**TO DO:** Looking through the material below, say how many lines contain the string "each" and add nothing more.

**DATA EXTRACTS:**
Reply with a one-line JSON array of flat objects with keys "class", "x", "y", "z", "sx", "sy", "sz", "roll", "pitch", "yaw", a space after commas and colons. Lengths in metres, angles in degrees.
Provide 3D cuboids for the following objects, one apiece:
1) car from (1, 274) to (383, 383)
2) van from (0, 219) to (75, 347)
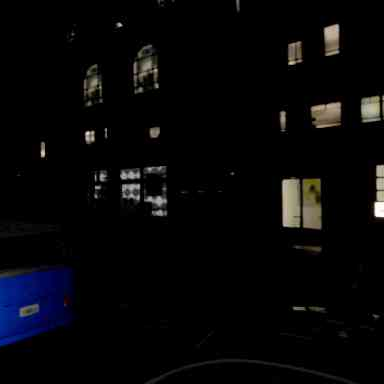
[{"class": "car", "x": 0.801, "y": 1.550, "z": 2.317, "sx": 4.403, "sy": 1.369, "sz": 2.008, "roll": 0, "pitch": -1, "yaw": 35}, {"class": "van", "x": -3.659, "y": 1.331, "z": 5.497, "sx": 3.998, "sy": 1.788, "sz": 1.690, "roll": 0, "pitch": -1, "yaw": 35}]
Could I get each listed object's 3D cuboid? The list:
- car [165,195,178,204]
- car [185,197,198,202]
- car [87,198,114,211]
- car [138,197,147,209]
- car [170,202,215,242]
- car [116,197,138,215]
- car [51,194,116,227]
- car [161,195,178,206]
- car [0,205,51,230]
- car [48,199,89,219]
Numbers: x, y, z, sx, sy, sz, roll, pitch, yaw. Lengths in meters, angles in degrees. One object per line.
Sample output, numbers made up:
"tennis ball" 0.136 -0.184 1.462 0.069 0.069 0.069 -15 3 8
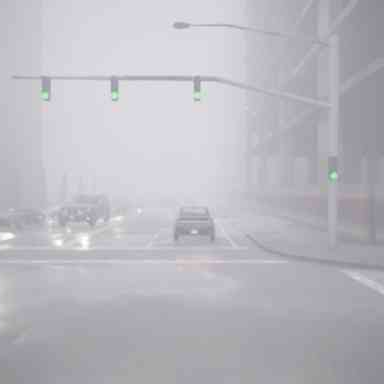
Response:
"car" -3.516 1.294 58.590 2.033 1.411 5.357 0 0 0
"car" -0.014 1.392 49.547 1.895 1.301 4.718 0 0 0
"car" -10.542 1.442 38.707 1.895 1.301 4.718 0 0 1
"car" -7.012 1.367 43.331 2.033 1.411 5.357 0 0 0
"car" 0.096 1.444 16.245 2.128 1.511 4.902 0 0 0
"car" -7.083 1.362 32.766 2.128 1.511 4.902 0 0 0
"car" -7.093 1.142 22.550 2.150 2.045 5.566 0 0 1
"car" -3.514 1.298 48.888 1.837 1.490 4.892 0 0 0
"car" -10.603 1.495 20.207 1.994 1.385 4.181 0 0 0
"car" -10.594 1.415 28.851 1.812 1.442 4.674 0 0 0
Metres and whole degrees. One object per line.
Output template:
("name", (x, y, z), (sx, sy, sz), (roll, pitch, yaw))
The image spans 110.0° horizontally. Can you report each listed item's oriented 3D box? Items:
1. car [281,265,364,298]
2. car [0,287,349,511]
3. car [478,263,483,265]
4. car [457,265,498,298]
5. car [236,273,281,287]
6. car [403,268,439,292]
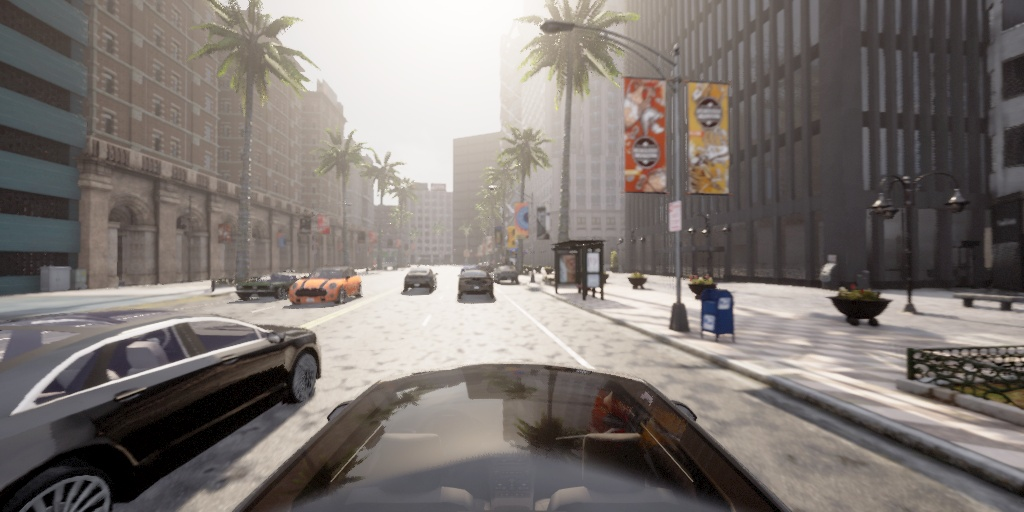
("car", (-8.929, 1.330, 17.621), (2.097, 1.767, 4.553), (0, -1, -7))
("car", (-3.693, 1.274, 3.481), (2.128, 1.511, 4.902), (0, -1, -3))
("car", (-4.350, 1.696, 37.480), (1.882, 1.535, 5.008), (0, -1, -8))
("car", (-2.091, 1.472, 20.371), (1.882, 1.535, 5.008), (0, -1, -7))
("car", (-12.687, 1.616, 19.491), (1.895, 1.301, 4.718), (0, -1, -7))
("car", (-6.148, 1.563, 24.403), (1.837, 1.490, 4.892), (0, -1, -7))
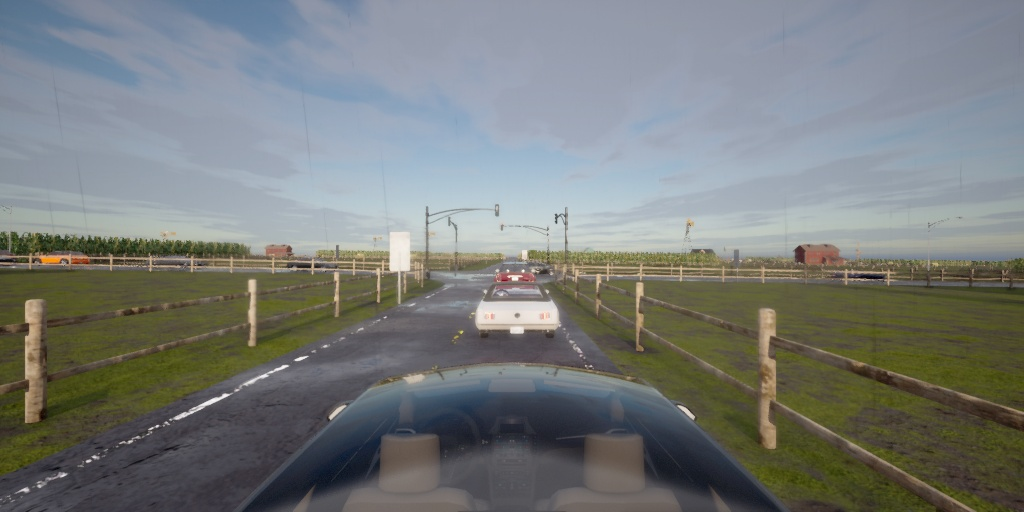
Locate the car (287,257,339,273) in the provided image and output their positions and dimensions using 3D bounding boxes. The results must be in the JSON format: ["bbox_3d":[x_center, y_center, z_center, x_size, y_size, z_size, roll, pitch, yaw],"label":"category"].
[{"bbox_3d":[-20.311,0.896,36.730,4.892,1.490,1.837,2,0,0],"label":"car"}]

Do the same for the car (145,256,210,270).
[{"bbox_3d":[-34.244,0.689,36.777,5.357,1.411,2.033,1,0,0],"label":"car"}]

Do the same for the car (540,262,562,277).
[{"bbox_3d":[2.639,1.329,36.660,4.892,1.490,1.837,1,0,0],"label":"car"}]

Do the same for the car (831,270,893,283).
[{"bbox_3d":[35.665,2.058,36.558,4.718,1.301,1.895,1,0,0],"label":"car"}]

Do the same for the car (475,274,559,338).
[{"bbox_3d":[0.124,1.352,10.135,1.895,1.301,4.718,0,0,0],"label":"car"}]

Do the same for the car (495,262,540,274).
[{"bbox_3d":[0.180,1.104,19.123,2.097,1.767,4.553,0,0,1],"label":"car"}]

**PROBLEM SOLUTION:** 2